DB: I think they can be great. I really do. Trae Golden takes some heat for turnovers and decisions late in games, but I think he can be one of the top point guards in the SEC. To me one of the other keys is can they knock down shots from the perimeter. Tennessee has [Jeronne] Maymon and Jarnell Stokes down low. They're not the same type of players [Al] Horford and [Joakim] Noah were at Florida, but they're still two huge bodies that attract a lot of attention. Florida was so great because they had guys like Lee Humphrey on the perimeter who could make you pay for doubling down low. My point is can guys lie Skylar McBee and Josh Richardson make teams pay for either doubling in the post or sagging off the perimeter to keep it from getting into the post? If they can, it's going to be a damned-if-you-do, damned-if-you-don't scenario for opposing defenses. You can almost be assured that defensively they're going to be good because that's emphasized so much, but knocking down the outside shot is critical for these guys.

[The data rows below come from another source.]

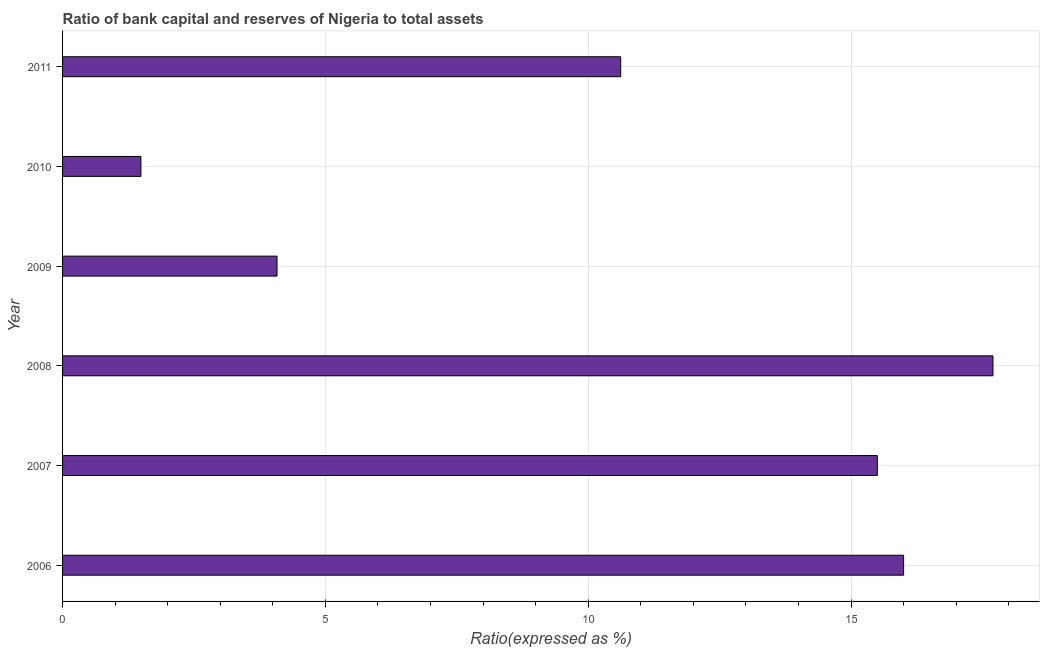Does the graph contain grids?
Ensure brevity in your answer.  Yes. What is the title of the graph?
Provide a short and direct response. Ratio of bank capital and reserves of Nigeria to total assets. What is the label or title of the X-axis?
Your answer should be compact. Ratio(expressed as %). What is the bank capital to assets ratio in 2010?
Provide a short and direct response. 1.49. Across all years, what is the minimum bank capital to assets ratio?
Offer a very short reply. 1.49. In which year was the bank capital to assets ratio maximum?
Your answer should be very brief. 2008. What is the sum of the bank capital to assets ratio?
Give a very brief answer. 65.39. What is the difference between the bank capital to assets ratio in 2008 and 2009?
Provide a short and direct response. 13.62. What is the average bank capital to assets ratio per year?
Your answer should be compact. 10.9. What is the median bank capital to assets ratio?
Provide a succinct answer. 13.06. What is the ratio of the bank capital to assets ratio in 2006 to that in 2010?
Your answer should be compact. 10.73. Is the bank capital to assets ratio in 2007 less than that in 2008?
Offer a very short reply. Yes. Is the sum of the bank capital to assets ratio in 2006 and 2011 greater than the maximum bank capital to assets ratio across all years?
Offer a terse response. Yes. What is the difference between the highest and the lowest bank capital to assets ratio?
Offer a terse response. 16.21. In how many years, is the bank capital to assets ratio greater than the average bank capital to assets ratio taken over all years?
Offer a very short reply. 3. How many bars are there?
Offer a very short reply. 6. What is the difference between two consecutive major ticks on the X-axis?
Give a very brief answer. 5. Are the values on the major ticks of X-axis written in scientific E-notation?
Give a very brief answer. No. What is the Ratio(expressed as %) in 2007?
Ensure brevity in your answer.  15.5. What is the Ratio(expressed as %) of 2009?
Make the answer very short. 4.08. What is the Ratio(expressed as %) of 2010?
Make the answer very short. 1.49. What is the Ratio(expressed as %) of 2011?
Your answer should be compact. 10.62. What is the difference between the Ratio(expressed as %) in 2006 and 2007?
Your answer should be compact. 0.5. What is the difference between the Ratio(expressed as %) in 2006 and 2008?
Provide a short and direct response. -1.7. What is the difference between the Ratio(expressed as %) in 2006 and 2009?
Offer a very short reply. 11.92. What is the difference between the Ratio(expressed as %) in 2006 and 2010?
Your response must be concise. 14.51. What is the difference between the Ratio(expressed as %) in 2006 and 2011?
Offer a terse response. 5.38. What is the difference between the Ratio(expressed as %) in 2007 and 2008?
Your answer should be very brief. -2.2. What is the difference between the Ratio(expressed as %) in 2007 and 2009?
Offer a terse response. 11.42. What is the difference between the Ratio(expressed as %) in 2007 and 2010?
Your response must be concise. 14.01. What is the difference between the Ratio(expressed as %) in 2007 and 2011?
Your response must be concise. 4.88. What is the difference between the Ratio(expressed as %) in 2008 and 2009?
Provide a short and direct response. 13.62. What is the difference between the Ratio(expressed as %) in 2008 and 2010?
Your response must be concise. 16.21. What is the difference between the Ratio(expressed as %) in 2008 and 2011?
Offer a terse response. 7.08. What is the difference between the Ratio(expressed as %) in 2009 and 2010?
Offer a terse response. 2.59. What is the difference between the Ratio(expressed as %) in 2009 and 2011?
Your response must be concise. -6.54. What is the difference between the Ratio(expressed as %) in 2010 and 2011?
Your answer should be very brief. -9.13. What is the ratio of the Ratio(expressed as %) in 2006 to that in 2007?
Give a very brief answer. 1.03. What is the ratio of the Ratio(expressed as %) in 2006 to that in 2008?
Offer a very short reply. 0.9. What is the ratio of the Ratio(expressed as %) in 2006 to that in 2009?
Your answer should be very brief. 3.92. What is the ratio of the Ratio(expressed as %) in 2006 to that in 2010?
Ensure brevity in your answer.  10.73. What is the ratio of the Ratio(expressed as %) in 2006 to that in 2011?
Provide a short and direct response. 1.51. What is the ratio of the Ratio(expressed as %) in 2007 to that in 2008?
Make the answer very short. 0.88. What is the ratio of the Ratio(expressed as %) in 2007 to that in 2009?
Ensure brevity in your answer.  3.8. What is the ratio of the Ratio(expressed as %) in 2007 to that in 2011?
Your answer should be very brief. 1.46. What is the ratio of the Ratio(expressed as %) in 2008 to that in 2009?
Provide a succinct answer. 4.34. What is the ratio of the Ratio(expressed as %) in 2008 to that in 2010?
Provide a succinct answer. 11.88. What is the ratio of the Ratio(expressed as %) in 2008 to that in 2011?
Your response must be concise. 1.67. What is the ratio of the Ratio(expressed as %) in 2009 to that in 2010?
Offer a very short reply. 2.74. What is the ratio of the Ratio(expressed as %) in 2009 to that in 2011?
Make the answer very short. 0.38. What is the ratio of the Ratio(expressed as %) in 2010 to that in 2011?
Your answer should be compact. 0.14.

6. Who's your early favorite for preseason player of the year in the SEC?

DB: I tend to lean toward a guard in this situation. I lean toward Phil Pressey at Missouri. I haven't seen him play a ton, but I like what I've seen. A lot of it has to do with team success. They've got a lot of transfers coming in. They have tons of talent, but if it goes south, he might still be as good a player but the better the team does, the more success you have in individual awards. Early on, one thing that may benefit him is he's going to be able to catch some teams off guard. When I played, I was more familiar with Auburn's eighth man than I was a team outside the SEC's best player who was up for the Naismith Award. These guys in the SEC, they haven't been exposed that much to Missouri basketball. Sometimes it's human nature for these guys to say, 'Well, I'll really respect him when I see it myself.' That can be to Missouri's advantage.

7. As an opposing player, what's the most hostile arena in the SEC?

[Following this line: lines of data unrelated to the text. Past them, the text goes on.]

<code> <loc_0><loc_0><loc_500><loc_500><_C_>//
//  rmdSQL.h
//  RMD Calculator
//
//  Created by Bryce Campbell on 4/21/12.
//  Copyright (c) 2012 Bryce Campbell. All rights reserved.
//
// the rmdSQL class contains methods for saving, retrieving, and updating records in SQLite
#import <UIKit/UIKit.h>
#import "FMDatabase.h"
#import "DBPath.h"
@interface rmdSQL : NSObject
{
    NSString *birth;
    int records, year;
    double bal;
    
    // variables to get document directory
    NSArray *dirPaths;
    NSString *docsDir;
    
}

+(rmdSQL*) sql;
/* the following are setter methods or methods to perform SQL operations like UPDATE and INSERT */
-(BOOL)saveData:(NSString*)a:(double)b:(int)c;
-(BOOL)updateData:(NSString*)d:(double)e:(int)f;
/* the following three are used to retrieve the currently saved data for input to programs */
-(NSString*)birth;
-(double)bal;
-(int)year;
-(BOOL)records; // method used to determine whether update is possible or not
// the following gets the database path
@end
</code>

DB: It's definitely Rupp. At Florida, they're going to say anything and everything to you and they're creative. They might say something about your mom, your sister, whatever, but the students make it personal. Sometimes that gets players distracted. Other times it can get them more ready to play. Teams and players are so friendly with one-another that it's just not as personal as an old-school rivalry. When the fans bring that out of you, it can be a positive. That's how it was for us at Florida. But as far as the toughest to overcome, it's Rupp for sure. You might see a whole section of thousands of people who look like they've been retired for 10 years and you'd never think they can get that loud, but they can. It's unbelievable. You can't hear each other talking, you can't hear the coaches calling out the plays, you can't hear a teammate call out a back pick. He's mad at you for not hearing him. You're mad at him for not saying it loud enough. It can become a disaster.